* _TASK TO COMPLETE_:
Each line below should be repeated exactly, but no picture should be carried over.

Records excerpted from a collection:
============

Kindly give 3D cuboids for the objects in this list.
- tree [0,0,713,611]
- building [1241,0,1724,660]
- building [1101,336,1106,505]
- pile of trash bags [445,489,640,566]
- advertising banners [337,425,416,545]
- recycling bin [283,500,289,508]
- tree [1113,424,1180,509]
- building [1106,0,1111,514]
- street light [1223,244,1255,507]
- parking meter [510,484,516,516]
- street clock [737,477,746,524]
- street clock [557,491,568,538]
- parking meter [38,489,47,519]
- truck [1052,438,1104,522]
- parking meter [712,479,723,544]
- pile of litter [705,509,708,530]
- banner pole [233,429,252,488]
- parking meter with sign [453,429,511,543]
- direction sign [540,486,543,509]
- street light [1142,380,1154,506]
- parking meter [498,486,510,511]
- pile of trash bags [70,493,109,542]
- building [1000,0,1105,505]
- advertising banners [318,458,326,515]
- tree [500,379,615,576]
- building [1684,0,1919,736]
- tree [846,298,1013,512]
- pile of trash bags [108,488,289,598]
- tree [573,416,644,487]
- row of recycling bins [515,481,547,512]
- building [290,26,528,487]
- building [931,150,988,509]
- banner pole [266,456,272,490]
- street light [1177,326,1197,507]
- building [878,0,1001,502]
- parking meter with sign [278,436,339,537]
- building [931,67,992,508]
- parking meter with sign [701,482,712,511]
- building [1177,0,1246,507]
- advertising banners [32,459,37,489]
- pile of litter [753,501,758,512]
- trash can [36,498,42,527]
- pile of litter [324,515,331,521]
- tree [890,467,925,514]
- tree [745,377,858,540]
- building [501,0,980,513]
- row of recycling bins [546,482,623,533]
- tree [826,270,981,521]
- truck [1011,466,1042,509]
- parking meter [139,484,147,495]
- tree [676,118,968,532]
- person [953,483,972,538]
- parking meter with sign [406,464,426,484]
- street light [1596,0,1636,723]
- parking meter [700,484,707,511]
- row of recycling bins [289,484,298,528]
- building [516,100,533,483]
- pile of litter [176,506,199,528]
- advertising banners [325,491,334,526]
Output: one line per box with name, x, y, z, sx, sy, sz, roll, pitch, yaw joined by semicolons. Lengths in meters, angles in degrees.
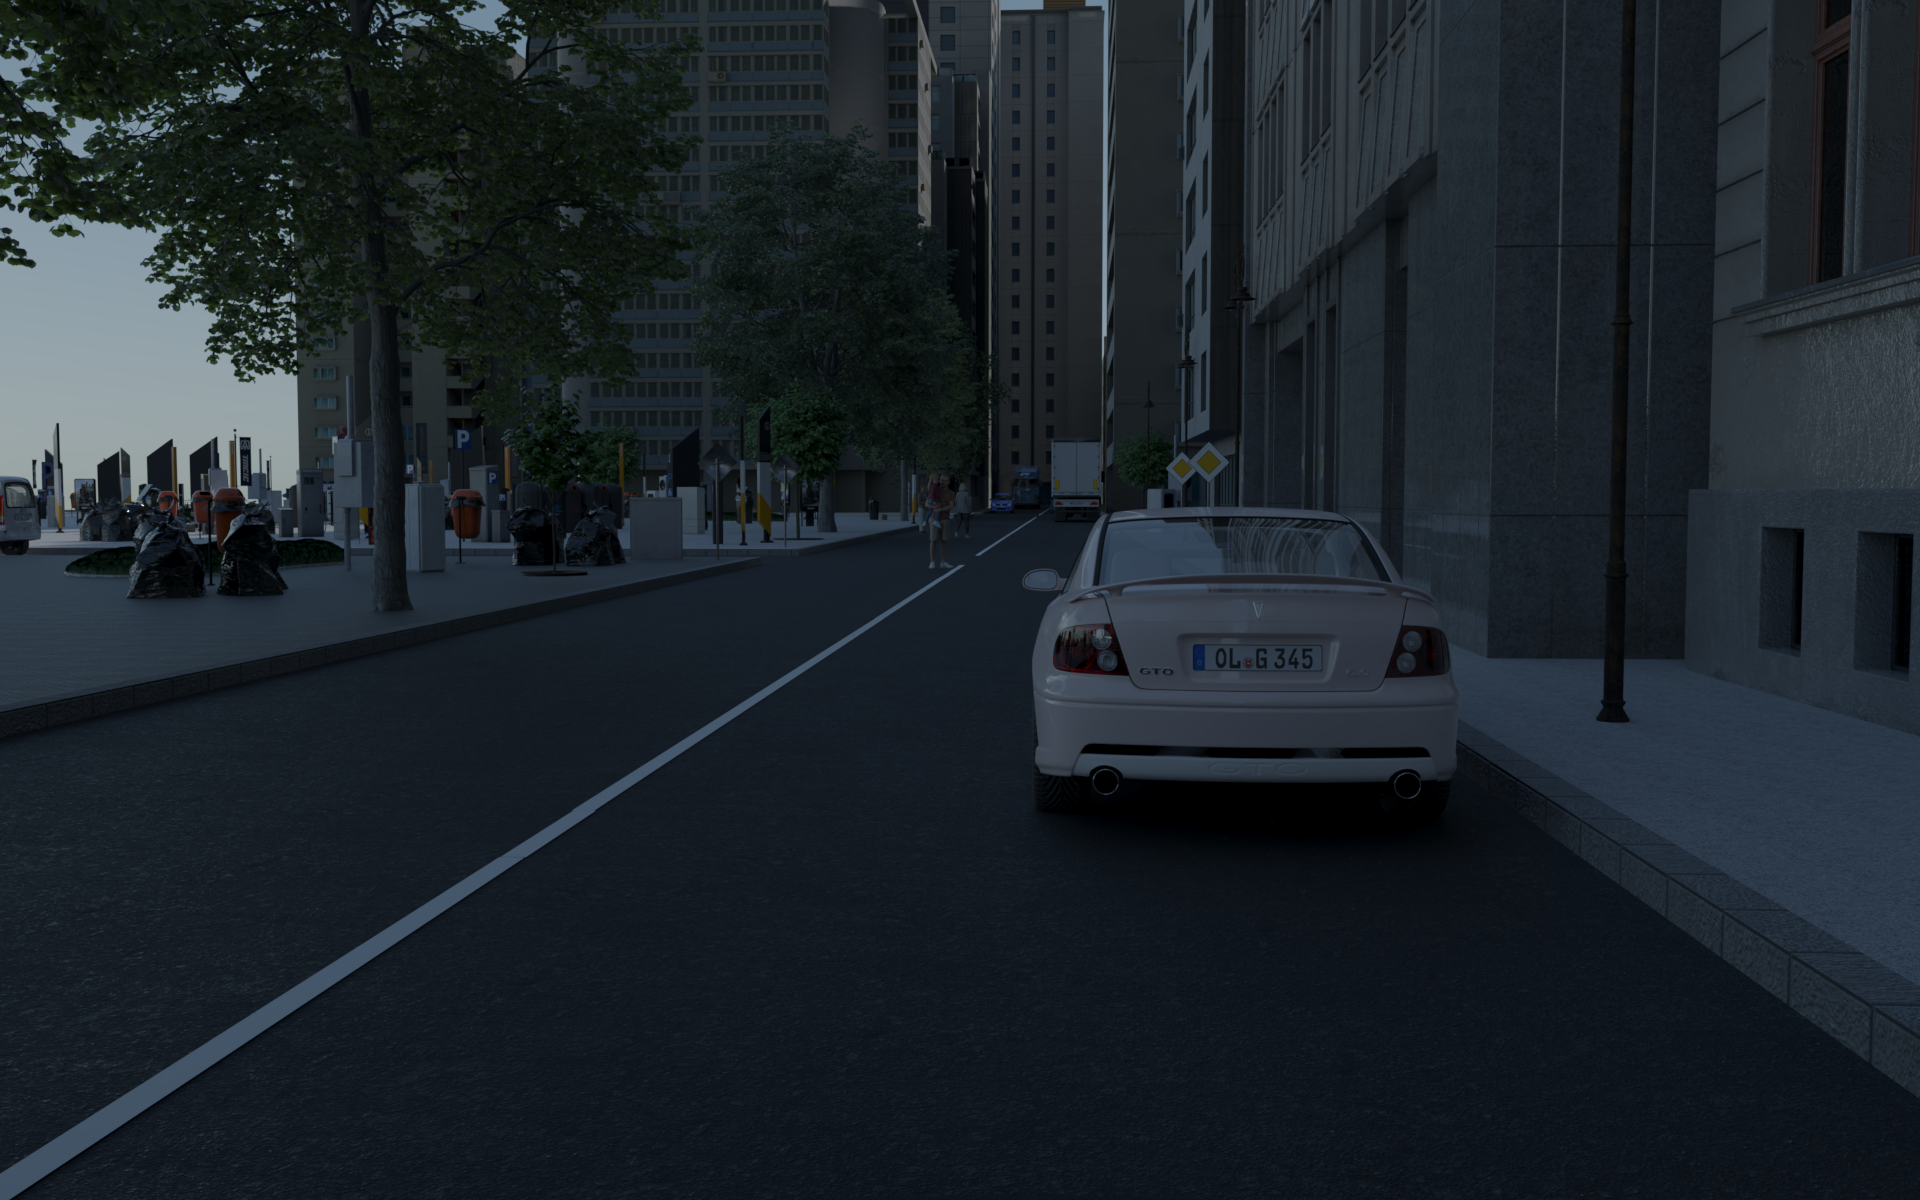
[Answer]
tree;-6.744;-6.160;18.835;7.486;12.596;7.792;0;3;0
building;10.748;-12.492;22.274;12.078;24.808;19.932;0;4;4
building;32.079;-22.448;212.057;28.899;21.520;27.650;0;4;4
pile of trash bags;-7.819;-1.351;31.844;3.447;1.369;1.912;1;4;15
advertising banners;-14.698;-2.907;43.724;2.074;3.025;0.090;0;4;6
recycling bin;-30.345;-4.056;78.866;0.722;1.027;0.722;0;4;-6
tree;8.807;-5.953;81.039;4.285;4.588;4.351;0;3;0
building;19.460;-29.161;100.490;21.300;48.544;21.600;0;4;4
street light;5.173;-3.638;32.261;0.468;5.910;1.993;0;4;4
parking meter;-26.109;-5.843;101.237;0.255;1.863;0.399;-3;4;-37
street clock;-9.346;-4.252;74.089;0.358;2.002;0.471;-1;4;-23
street clock;-11.501;-2.780;50.018;0.358;2.002;0.471;1;4;10
parking meter;-47.283;-4.942;89.209;0.372;1.533;0.369;0;3;0
truck;6.258;-6.305;92.002;2.839;4.237;11.283;0;4;5
parking meter;-6.209;-2.364;44.370;0.255;1.863;0.399;-1;4;-12
pile of litter;-9.478;-2.910;61.547;1.176;0.858;1.719;1;4;10
banner pole;-27.580;-4.679;66.525;0.401;3.779;0.863;3;5;41
parking meter with sign;-12.658;-3.044;46.023;1.738;3.016;0.543;2;4;34
direction sign;-10.455;-3.134;43.235;0.379;3.537;0.876;0;4;-8
street light;7.649;-5.969;70.376;0.468;5.910;1.993;0;4;4
parking meter;-12.771;-2.447;48.412;0.372;1.533;0.369;0;3;0
pile of trash bags;-22.394;-2.339;47.991;1.912;1.369;3.447;3;5;44
building;3.054;-40.838;209.700;28.212;58.520;21.231;0;4;4
advertising banners;-31.059;-5.390;84.318;0.090;3.025;2.074;-1;4;-10
tree;-6.297;-2.006;27.397;1.663;3.219;1.824;0;3;0
building;10.790;-13.024;0.334;14.401;28.519;23.554;0;4;4
tree;-1.761;-11.192;99.992;9.611;12.733;9.660;0;3;0
pile of trash bags;-9.902;-0.811;23.016;1.912;1.369;3.447;-1;4;-16
tree;-14.848;-5.468;73.115;4.285;4.588;4.351;0;3;0
row of recycling bins;-16.003;-3.683;67.329;1.069;1.692;3.534;-3;4;-38
building;-56.325;-34.341;185.180;21.600;48.544;21.300;0;4;4
building;-4.983;-23.058;148.703;14.160;30.474;14.107;0;4;4
banner pole;-45.135;-7.536;113.225;0.401;3.779;0.863;0;4;3
street light;6.243;-4.587;47.789;0.468;5.910;1.993;0;4;4
building;-6.387;-45.505;182.251;20.611;71.187;20.563;0;4;4
parking meter with sign;-19.463;-3.397;51.799;1.738;3.016;0.543;-3;4;-36
building;-4.368;-29.297;162.597;14.154;41.232;14.086;0;4;4
parking meter with sign;-16.296;-7.042;111.397;1.738;3.016;0.543;-1;4;-9
building;13.305;-16.773;45.943;14.107;30.474;14.160;0;4;4
advertising banners;-46.607;-5.532;86.641;0.090;3.025;2.074;0;4;-4
pile of litter;-13.957;-6.223;115.705;1.719;0.858;1.176;1;4;10
trash can;-34.713;-3.248;64.756;0.748;1.137;0.748;0;3;0
pile of litter;-30.043;-4.146;81.755;1.176;0.858;1.719;-1;4;-18
tree;-3.201;-9.823;110.970;4.360;8.622;3.978;0;3;0
tree;-4.489;-3.976;48.716;4.285;4.588;4.351;0;3;0
building;-14.918;-26.787;129.854;32.217;40.220;23.993;0;4;4
row of recycling bins;-13.352;-3.384;62.440;1.069;1.692;3.534;1;4;20
tree;-3.049;-10.058;82.582;7.486;12.596;7.792;0;3;0
truck;6.696;-11.126;171.665;2.967;4.110;18.799;0;4;3
parking meter;-45.359;-5.532;96.154;0.255;1.863;0.399;1;4;18
tree;-4.573;-9.244;57.799;9.857;13.997;8.962;0;3;0
person;0.028;-2.898;56.070;0.709;1.800;0.728;2;4;35
parking meter with sign;-32.057;-6.520;102.855;0.543;3.016;1.738;1;4;22
street light;3.693;-2.253;9.620;0.468;5.910;1.993;0;4;4
parking meter;-15.074;-5.876;101.784;0.255;1.863;0.399;2;4;32
row of recycling bins;-25.595;-3.701;67.625;1.069;1.692;3.534;-1;4;-18
building;-31.187;-32.317;183.008;28.867;44.769;22.147;0;4;4
pile of litter;-29.290;-3.135;65.225;1.719;0.858;1.176;2;4;31
advertising banners;-25.002;-4.547;70.527;0.090;3.025;2.074;1;4;19

============

* _TASK RESULT_:
Kindly give 3D cuboids for the objects in this list.
- tree [0,0,713,611]
- building [1241,0,1724,660]
- building [1101,336,1106,505]
- pile of trash bags [445,489,640,566]
- advertising banners [337,425,416,545]
- recycling bin [283,500,289,508]
- tree [1113,424,1180,509]
- building [1106,0,1111,514]
- street light [1223,244,1255,507]
- parking meter [510,484,516,516]
- street clock [737,477,746,524]
- street clock [557,491,568,538]
- parking meter [38,489,47,519]
- truck [1052,438,1104,522]
- parking meter [712,479,723,544]
- pile of litter [705,509,708,530]
- banner pole [233,429,252,488]
- parking meter with sign [453,429,511,543]
- direction sign [540,486,543,509]
- street light [1142,380,1154,506]
- parking meter [498,486,510,511]
- pile of trash bags [70,493,109,542]
- building [1000,0,1105,505]
- advertising banners [318,458,326,515]
- tree [500,379,615,576]
- building [1684,0,1919,736]
- tree [846,298,1013,512]
- pile of trash bags [108,488,289,598]
- tree [573,416,644,487]
- row of recycling bins [515,481,547,512]
- building [290,26,528,487]
- building [931,150,988,509]
- banner pole [266,456,272,490]
- street light [1177,326,1197,507]
- building [878,0,1001,502]
- parking meter with sign [278,436,339,537]
- building [931,67,992,508]
- parking meter with sign [701,482,712,511]
- building [1177,0,1246,507]
- advertising banners [32,459,37,489]
- pile of litter [753,501,758,512]
- trash can [36,498,42,527]
- pile of litter [324,515,331,521]
- tree [890,467,925,514]
- tree [745,377,858,540]
- building [501,0,980,513]
- row of recycling bins [546,482,623,533]
- tree [826,270,981,521]
- truck [1011,466,1042,509]
- parking meter [139,484,147,495]
- tree [676,118,968,532]
- person [953,483,972,538]
- parking meter with sign [406,464,426,484]
- street light [1596,0,1636,723]
- parking meter [700,484,707,511]
- row of recycling bins [289,484,298,528]
- building [516,100,533,483]
- pile of litter [176,506,199,528]
- advertising banners [325,491,334,526]
Output: one line per box with name, x, y, z, sx, sy, sz, roll, pitch, yaw joined by semicolons. Lengths in meters, angles in degrees.
[Answer]
tree;-6.744;-6.160;18.835;7.486;12.596;7.792;0;3;0
building;10.748;-12.492;22.274;12.078;24.808;19.932;0;4;4
building;32.079;-22.448;212.057;28.899;21.520;27.650;0;4;4
pile of trash bags;-7.819;-1.351;31.844;3.447;1.369;1.912;1;4;15
advertising banners;-14.698;-2.907;43.724;2.074;3.025;0.090;0;4;6
recycling bin;-30.345;-4.056;78.866;0.722;1.027;0.722;0;4;-6
tree;8.807;-5.953;81.039;4.285;4.588;4.351;0;3;0
building;19.460;-29.161;100.490;21.300;48.544;21.600;0;4;4
street light;5.173;-3.638;32.261;0.468;5.910;1.993;0;4;4
parking meter;-26.109;-5.843;101.237;0.255;1.863;0.399;-3;4;-37
street clock;-9.346;-4.252;74.089;0.358;2.002;0.471;-1;4;-23
street clock;-11.501;-2.780;50.018;0.358;2.002;0.471;1;4;10
parking meter;-47.283;-4.942;89.209;0.372;1.533;0.369;0;3;0
truck;6.258;-6.305;92.002;2.839;4.237;11.283;0;4;5
parking meter;-6.209;-2.364;44.370;0.255;1.863;0.399;-1;4;-12
pile of litter;-9.478;-2.910;61.547;1.176;0.858;1.719;1;4;10
banner pole;-27.580;-4.679;66.525;0.401;3.779;0.863;3;5;41
parking meter with sign;-12.658;-3.044;46.023;1.738;3.016;0.543;2;4;34
direction sign;-10.455;-3.134;43.235;0.379;3.537;0.876;0;4;-8
street light;7.649;-5.969;70.376;0.468;5.910;1.993;0;4;4
parking meter;-12.771;-2.447;48.412;0.372;1.533;0.369;0;3;0
pile of trash bags;-22.394;-2.339;47.991;1.912;1.369;3.447;3;5;44
building;3.054;-40.838;209.700;28.212;58.520;21.231;0;4;4
advertising banners;-31.059;-5.390;84.318;0.090;3.025;2.074;-1;4;-10
tree;-6.297;-2.006;27.397;1.663;3.219;1.824;0;3;0
building;10.790;-13.024;0.334;14.401;28.519;23.554;0;4;4
tree;-1.761;-11.192;99.992;9.611;12.733;9.660;0;3;0
pile of trash bags;-9.902;-0.811;23.016;1.912;1.369;3.447;-1;4;-16
tree;-14.848;-5.468;73.115;4.285;4.588;4.351;0;3;0
row of recycling bins;-16.003;-3.683;67.329;1.069;1.692;3.534;-3;4;-38
building;-56.325;-34.341;185.180;21.600;48.544;21.300;0;4;4
building;-4.983;-23.058;148.703;14.160;30.474;14.107;0;4;4
banner pole;-45.135;-7.536;113.225;0.401;3.779;0.863;0;4;3
street light;6.243;-4.587;47.789;0.468;5.910;1.993;0;4;4
building;-6.387;-45.505;182.251;20.611;71.187;20.563;0;4;4
parking meter with sign;-19.463;-3.397;51.799;1.738;3.016;0.543;-3;4;-36
building;-4.368;-29.297;162.597;14.154;41.232;14.086;0;4;4
parking meter with sign;-16.296;-7.042;111.397;1.738;3.016;0.543;-1;4;-9
building;13.305;-16.773;45.943;14.107;30.474;14.160;0;4;4
advertising banners;-46.607;-5.532;86.641;0.090;3.025;2.074;0;4;-4
pile of litter;-13.957;-6.223;115.705;1.719;0.858;1.176;1;4;10
trash can;-34.713;-3.248;64.756;0.748;1.137;0.748;0;3;0
pile of litter;-30.043;-4.146;81.755;1.176;0.858;1.719;-1;4;-18
tree;-3.201;-9.823;110.970;4.360;8.622;3.978;0;3;0
tree;-4.489;-3.976;48.716;4.285;4.588;4.351;0;3;0
building;-14.918;-26.787;129.854;32.217;40.220;23.993;0;4;4
row of recycling bins;-13.352;-3.384;62.440;1.069;1.692;3.534;1;4;20
tree;-3.049;-10.058;82.582;7.486;12.596;7.792;0;3;0
truck;6.696;-11.126;171.665;2.967;4.110;18.799;0;4;3
parking meter;-45.359;-5.532;96.154;0.255;1.863;0.399;1;4;18
tree;-4.573;-9.244;57.799;9.857;13.997;8.962;0;3;0
person;0.028;-2.898;56.070;0.709;1.800;0.728;2;4;35
parking meter with sign;-32.057;-6.520;102.855;0.543;3.016;1.738;1;4;22
street light;3.693;-2.253;9.620;0.468;5.910;1.993;0;4;4
parking meter;-15.074;-5.876;101.784;0.255;1.863;0.399;2;4;32
row of recycling bins;-25.595;-3.701;67.625;1.069;1.692;3.534;-1;4;-18
building;-31.187;-32.317;183.008;28.867;44.769;22.147;0;4;4
pile of litter;-29.290;-3.135;65.225;1.719;0.858;1.176;2;4;31
advertising banners;-25.002;-4.547;70.527;0.090;3.025;2.074;1;4;19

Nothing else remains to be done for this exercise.